Rubio-Codina Marta, Araujo M Caridad, Attanasio Orazio, Muñoz Pablo, Grantham-McGregor Sally
Social Protection and Health Division, Inter-American Development Bank, Washington, D.C., United States of America.
Centre for the Evaluation of Development Policies, Institute for Fiscal Studies, London, United Kingdom.
PLoS One. 2016 Aug 22;11(8):e0160962. doi: 10.1371/journal.pone.0160962. eCollection 2016.
In low- and middle-income countries (LIMCs), measuring early childhood development (ECD) with standard tests in large scale surveys and evaluations of interventions is difficult and expensive. Multi-dimensional screeners and single-domain tests ('short tests') are frequently used as alternatives. However, their validity in these circumstances is unknown. We examined the feasibility, reliability, and concurrent validity of three multi-dimensional screeners (Ages and Stages Questionnaires (ASQ-3), Denver Developmental Screening Test (Denver-II), Battelle Developmental Inventory screener (BDI-2)) and two single-domain tests (MacArthur-Bates Short-Forms (SFI and SFII), WHO Motor Milestones (WHO-Motor)) in 1,311 children 6-42 months in Bogota, Colombia. The scores were compared with those on the Bayley Scales of Infant and Toddler Development (Bayley-III), taken as the 'gold standard'. The Bayley-III was given at a center by psychologists; whereas the short tests were administered in the home by interviewers, as in a survey setting. Findings indicated good internal validity of all short tests except the ASQ-3. The BDI-2 took long to administer and was expensive, while the single-domain tests were quickest and cheapest and the Denver-II and ASQ-3 were intermediate. Concurrent validity of the multi-dimensional tests' cognitive, language, and fine motor scales with the corresponding Bayley-III scale was low below 19 months. However, it increased with age, becoming moderate-to-high over 30 months. In contrast, gross motor scales' concurrence was high under 19 months and then decreased. Of the single-domain tests, the WHO-Motor had high validity with gross motor under 16 months, and the SFI and SFII expressive scales showed moderate correlations with language under 30 months. Overall, the Denver-II was the most feasible and valid multi-dimensional test and the ASQ-3 performed poorly under 31 months. By domain, gross motor development had the highest concurrence below 19 months, and language above. Predictive validity investigation is needed to further guide the choice of instruments for large scale studies.

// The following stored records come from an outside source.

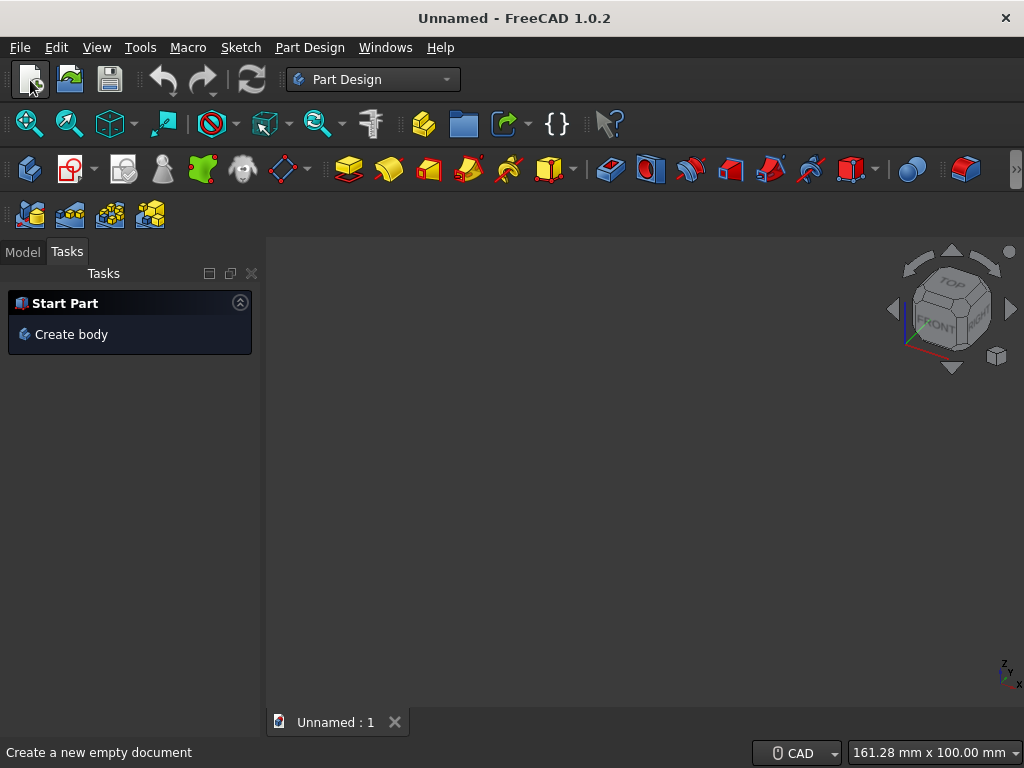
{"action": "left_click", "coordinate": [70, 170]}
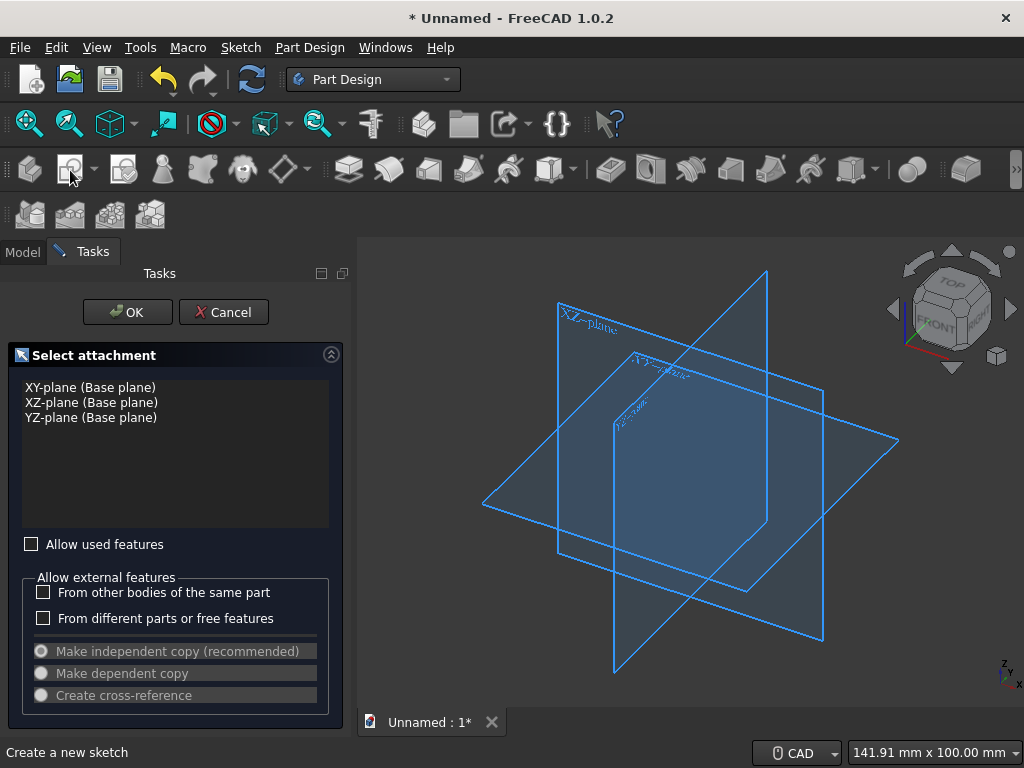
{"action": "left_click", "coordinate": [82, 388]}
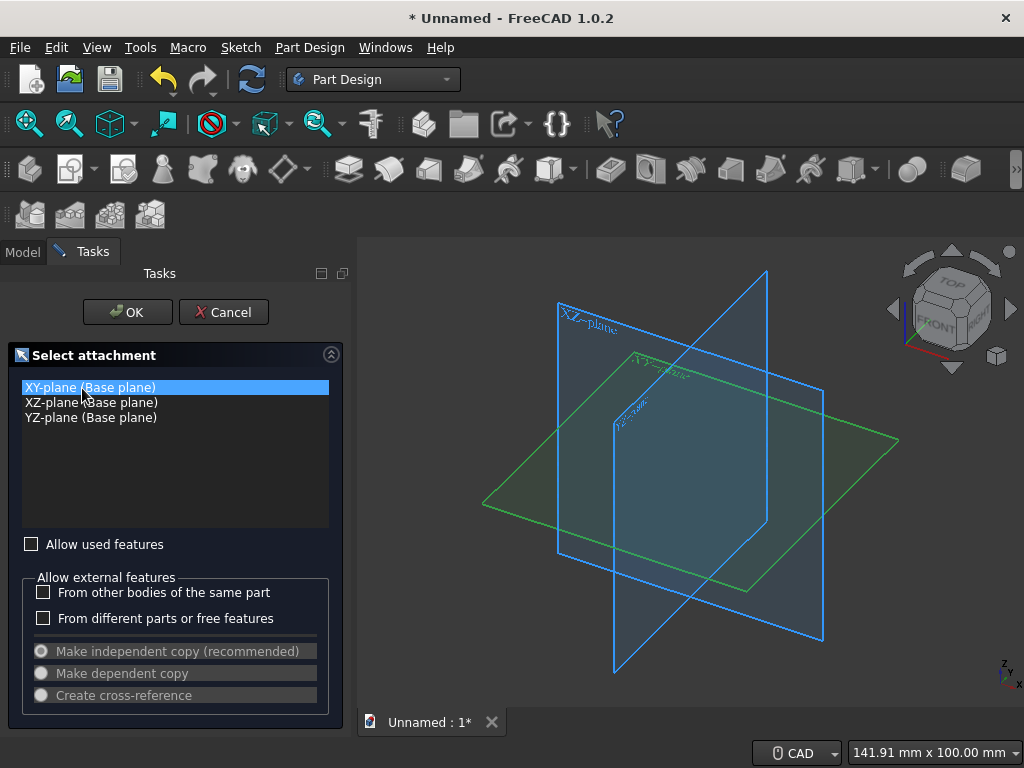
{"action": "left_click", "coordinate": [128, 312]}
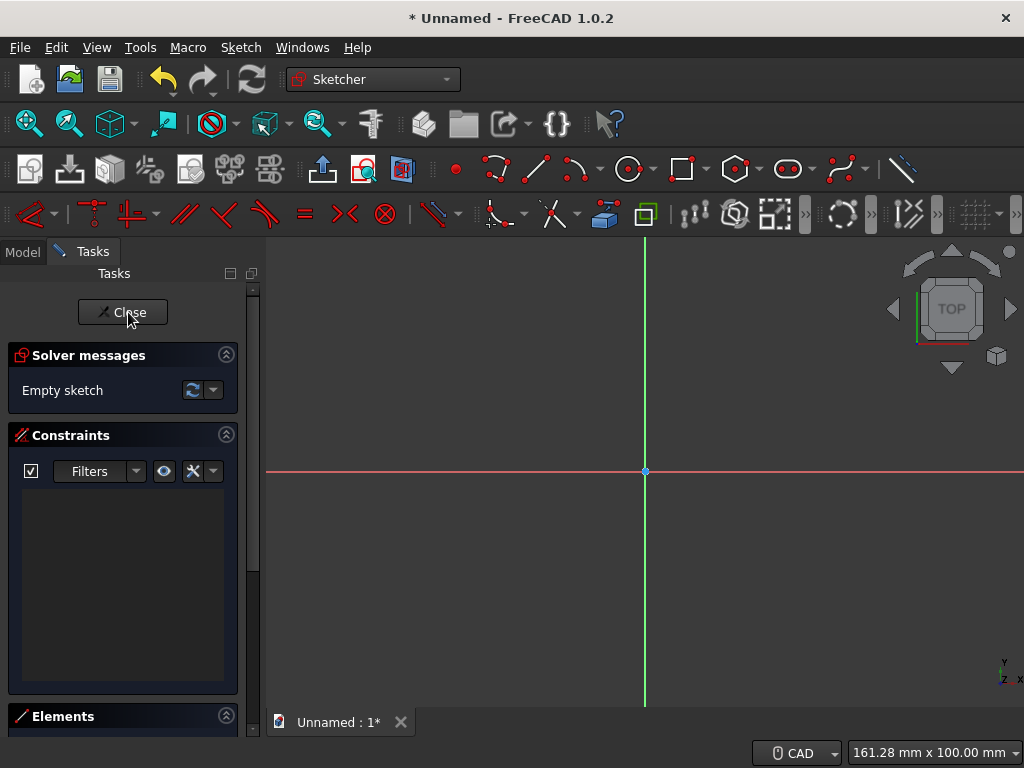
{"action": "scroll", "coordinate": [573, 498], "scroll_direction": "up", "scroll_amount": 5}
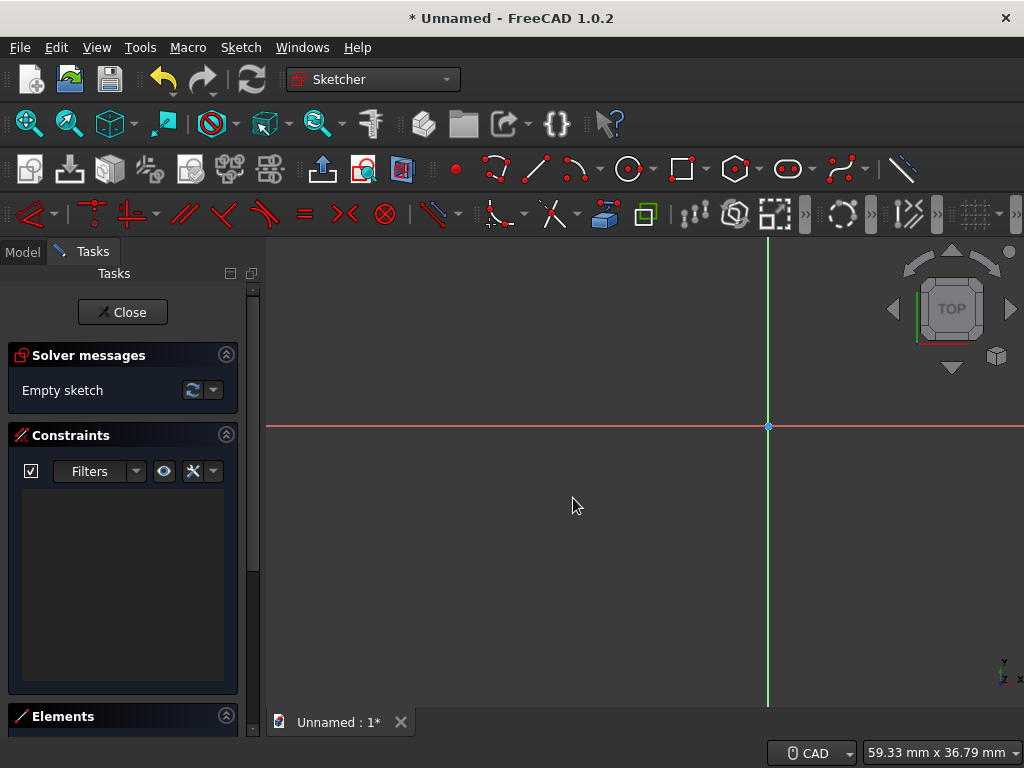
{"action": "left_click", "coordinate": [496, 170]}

在低收入和中等收入国家(中低收入国家),在大规模调查以及干预措施评估中,使用标准测试来衡量幼儿发展(ECD)既困难又昂贵。多维度筛查工具和单领域测试(“简短测试”)经常被用作替代方法。然而,它们在这些情况下的有效性尚不清楚。我们在哥伦比亚波哥大对1311名6至42个月大的儿童,检验了三种多维度筛查工具(年龄与阶段问卷(ASQ - 3)、丹佛发育筛查测验(丹佛 - II)、贝利婴幼儿发展量表筛查版(BDI - 2))和两种单领域测试(麦克阿瑟 - 贝茨简版(SFI和SFII)、世界卫生组织运动里程碑(WHO - Motor))的可行性、可靠性和同时效度。将这些测试的分数与被视为“金标准”的贝利婴幼儿发展量表第三版(贝利 - III)的分数进行比较。贝利 - III由心理学家在中心进行测试;而简短测试则由访员在家庭中进行,如同在调查环境中那样。研究结果表明,除ASQ - 3外,所有简短测试都具有良好的内部效度。BDI - 2实施耗时且成本高,而单领域测试最快且最便宜,但丹佛 - II和ASQ - 3介于两者之间。多维度测试的认知、语言和精细动作量表与相应的贝利 - III量表在低于19个月时同时效度较低,但随着年龄增长而提高,在30个月以上时达到中到高度。相比之下,大动作量表的一致性在19个月以下时较高,之后下降。在单领域测试中,WHO - Motor在16个月以下时对大动作具有较高效度,SFI和SFII表达量表在30个月以下时与语言呈中度相关。总体而言,丹佛 - II是最可行且有效的多维度测试,ASQ - 3在31个月以下表现不佳。按领域划分,大动作发展在19个月以下时一致性最高,语言发展在19个月以上时一致性最高。需要进行预测效度调查,以进一步指导大规模研究中工具的选择。